Не знаю, смог бы я выполнить свою клятву. Но тут раненый у меня под ногами зарычал и попробовал перевернуться, встать на четвереньки. Не знаю, понимал ли он хоть слово из нашего разговора; понимал ли вообще, что происходит — или просто собрал остатки жизненной силы, чтобы еще раз попробовать уползти. Но его звериный рык вызвал немедленную реакцию в Папаше — тот швырнул нож, неумело швырнул, по-мужицки, и до сих пор не знаю, в кого: в раненого или в меня. Руки отозвались прежде разума: я выстрелил.
Гасконский смертельный "дард" с тупым звуком ударил Гвоздолома в грудь. Тот коротко хакнул и сел на землю, отброшенный силой выстрела. Барраль завопил. Я швырнул под ноги пустой арбалет — когда-то человек переступает черту, после которой ему уже все равно — и выдрал меч из ножен на боку.
— Убийца! — крикнул Барраль — непонятно даже, чего в его голосе было больше: страха, ненависти или... изумления. — Батюшку моего...батюшку!
— Ты меня убил, — прохрипел папаша Гвоздолом, обеими руками хватаясь за торчащий наружу хвост стрелы. Болт вошел в тело почти целиком; по ношеному гамбизону, заменявшему инженеру доспех, расплывалось черное пятно.
— Нет еще, — возразил я, одоспешенный — только что без шлема — стоя перед двумя почти что беззащитными людьми. До последнего мига бывшими мне братьями. У Барраля в руке короткий кинжал, он без кольчуги. Отец его — в гамбизоне, но уже полуживой. — Нет, еще не убил. Но убью, если тотчас же не уберетесь. Ступай, Барраль, позаботься о своем отце.
— Предатель, — выдохнул тот — с тем же ребяческим недоверием, что такое может случиться на самом деле. Он рассмеялся бы мне в лицо, если бы я сказал правду — что мне ужасно жаль. Однако я чувствовал, как мой собственный рот улыбается в ответ. Не то скалится.
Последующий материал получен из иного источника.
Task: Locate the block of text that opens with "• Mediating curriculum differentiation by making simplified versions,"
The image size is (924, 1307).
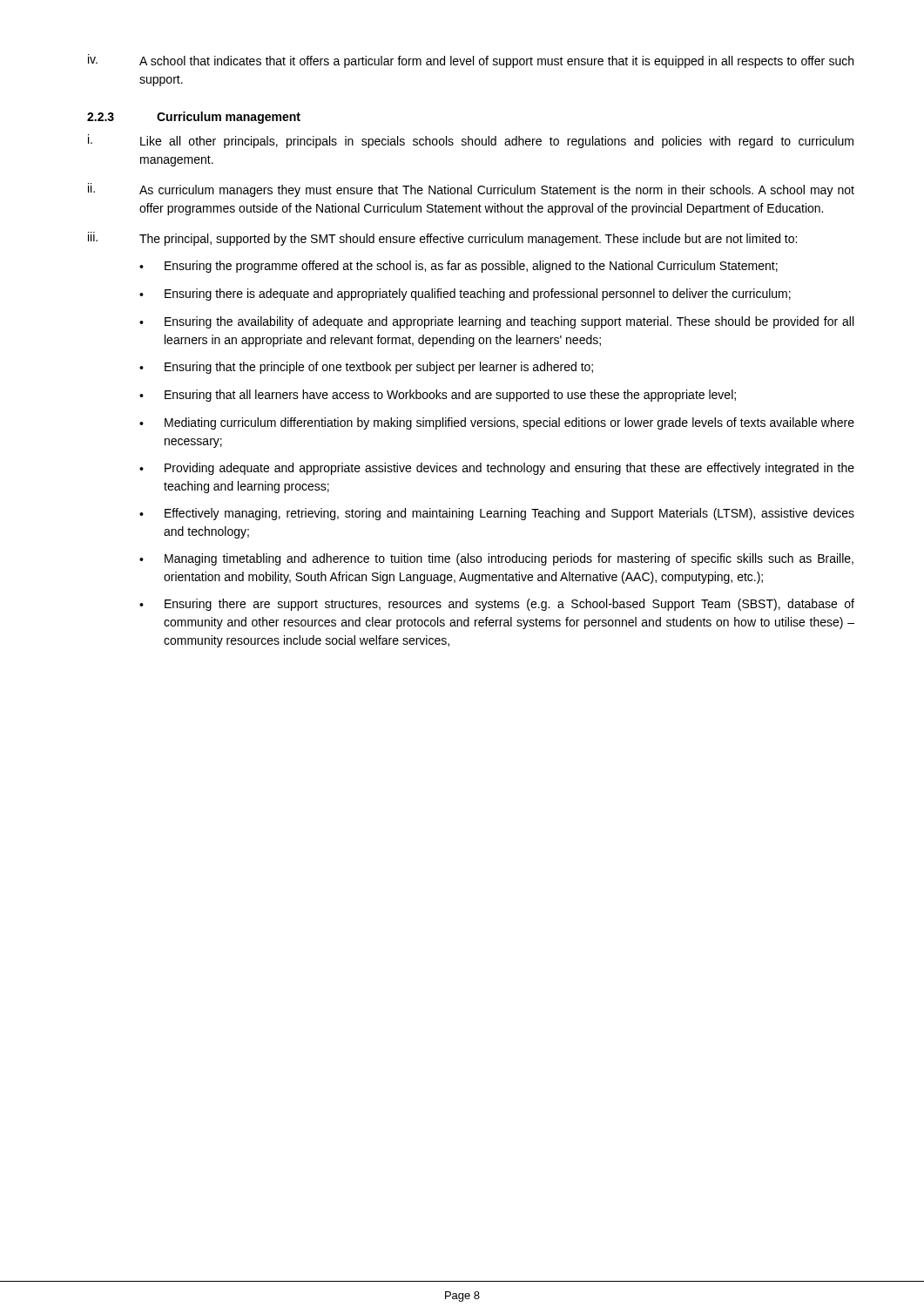Action: click(x=497, y=432)

— Я не хочу вас убивать. Уходите.
Маленькая, темная часть разума сказала мне, что хорошо было бы убить и сына. Послушай я эту темную часть еще немного — возможно, поступил бы, как она говорила. Когда переходишь черту, дороги обратно уже нет, а значит, больше не надо бояться и выбирать. И еще — оказывается, когда переходишь черту, является облегчение.
Барраль подлез под руку стонущего отца, все повторявшего, что я его убил. Оглядываясь на меня, как загнанный зверь — на загонщика, внезапно решившего выпустить его, дать прорваться — он потащил раненого прочь, по направлению к нашей башне, из чего я ясно понял — туда мне вернуться более не удастся. Расставив ноги над поверженным братом, я стоял как каменный страж, волчьим взглядом провожая врагов; подумать только, я уже думал о них как о врагах... И лишь когда они исчезли из виду, я понял, что руки у меня страшно трясутся, меч так и прыгает.
* * *
Враги наши наконец оставили нас, а я стоял, задыхаясь, с пустым арбалетом у ног, с мечом в руке. И смотрел на человека, валявшегося у моих ног — как раз возле стены муниципальной тюрьмы; человека с глазами, залитыми кровью из раны на лбу, с руками в кольчужных рукавицах, скребущими по мостовой... Совершенно беспомощного, полуслепого, бормотавшего что-то себе под нос... Попытка встать вытянула из него последние силы. Боже мой, думал я, и запоздалое отчаяние подступало мне к горлу. Что ж мне делать-то с ним? Что делать?
Не к мэтру Бернару же его тащить. А другого дома в этом городе у меня не было. Где меня еще примут в компании помирающего крестоносца? Где нам хотя бы откроют дверь в наши беспокойные дни — откроют не для того, чтобы дорезать умирающего франка? И неожиданно я понял — где. Само вспомнилось, хотя видит Бог — об этих людях я не вспоминал более года. И ведь даже недалеко тащить придется.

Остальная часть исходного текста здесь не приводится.